The Measure of His Compassion

Growing into the measure of Christ also involves compassion. Jesus had a heart for all the world, which He saw as fields white unto harvest. It’s easy to look at the masses in a warzone with compassion, but we should also have compassion for the network correspondent reporting the story on a cable station that doesn’t reflect our political views. Everyone needs compassion if they’re going to receive salvation.

This isn’t easy. Harvard Business Review reported a study that showed how the middle managers of many corporations are in an impossible situation—caught between performance demands from those above them and calls for compassion from those beneath them. The magazine used Justin as an example. The executives of his company needed better results to keep the enterprise viable, but when Justin looked at his team of workers, each had a problem. One had a teenage child struggling with addiction. Another was coping with a hospitalized parent. Another had just lost her lease, and several 

others had been dislocated by wildfires. Justin was between two pressures, but he had to take care of his people.2

Life isn’t easy to balance, but, all things considered, compassion always has a place. Matthew 9:36 says, “But when He saw the multitudes, He was moved with compassion for them.” Shortly afterward, Matthew again wrote, “And when Jesus went out He saw a great multitude; and He was moved with compassion for them” (14:14).

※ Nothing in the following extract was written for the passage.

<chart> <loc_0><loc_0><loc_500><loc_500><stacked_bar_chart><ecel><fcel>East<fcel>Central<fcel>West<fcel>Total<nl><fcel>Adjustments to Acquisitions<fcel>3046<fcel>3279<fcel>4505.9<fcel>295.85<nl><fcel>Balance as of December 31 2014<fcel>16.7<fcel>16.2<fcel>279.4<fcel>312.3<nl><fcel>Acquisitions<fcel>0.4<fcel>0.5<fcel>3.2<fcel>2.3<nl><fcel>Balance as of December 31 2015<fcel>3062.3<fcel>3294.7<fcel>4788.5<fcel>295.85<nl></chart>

We never want to water down the demands of Christ, but ask yourself honestly: Am I being too hard on someone who desperately needs a little compassion right now?

Let’s measure ourselves by the personality of Christ.

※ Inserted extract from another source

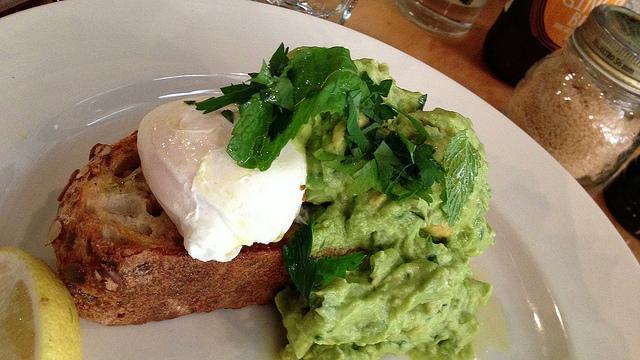How many bottles are there?
Give a very brief answer. 2. 
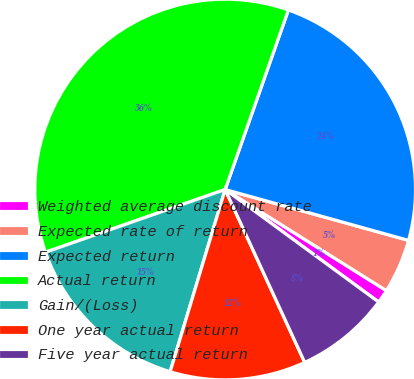<chart> <loc_0><loc_0><loc_500><loc_500><pie_chart><fcel>Weighted average discount rate<fcel>Expected rate of return<fcel>Expected return<fcel>Actual return<fcel>Gain/(Loss)<fcel>One year actual return<fcel>Five year actual return<nl><fcel>1.15%<fcel>4.61%<fcel>23.92%<fcel>35.74%<fcel>14.99%<fcel>11.53%<fcel>8.07%<nl></chart>

The Measure of His Self-Control

Finally, think of the measure of Christ’s self-control. I don’t know all the reasons, but self-control is collapsing in our world today like the walls of Jericho. Whether it’s related to addiction, anger, violence, morality, or issues of health, we’re living in an age of unraveling disciplines.

Jesus had to put up with a lot, whether it was from His immature disciples, His abusive critics, or His deadly enemies. He even had trouble with His own siblings, who didn’t believe in Him at first. He was arrested and murdered for simply being who He was. He was tempted by the devil, provoked by His fellow countrymen, and challenged by the authorities.

He lost His freedom, His clothing, His well-being, and His life.

But He never lost His self-control. He proved the dictum of Proverbs: “Better a patient person than a warrior, one with self-control than one who takes a city” (Proverbs 16:32, NIV).

So how do you measure up?

Oh, yes, I know it’s impossible to become like Christ… except for one secret resource—the Holy Spirit within us. His glorious inner working combines with our desires and determinations. And then God can make something out of us—someone out of us—the growing likeness of the Lord Jesus.

Let’s throw away our homemade yardsticks and reject our competitive attitudes. Don’t worry about the status of that other person. Be Christlike, not “you-like.” Jesus is the One to whom our lives should measure up. He is our Standard in all things. He is not mediocre, but marvelous!

Only as we grow in the stature of Christ can we rise above it all to serve Him with divine success and lifelong satisfaction.

Sources:

1Michael Phillips, Make Me Like Jesus (New York: Rosetta Books, 2017).

2Heidi K. Gardner and Mark Mortensen, “Managers Are Trapped in a Performance-Compassion Dilemma,” Harvard Business Review, April 7, 2022.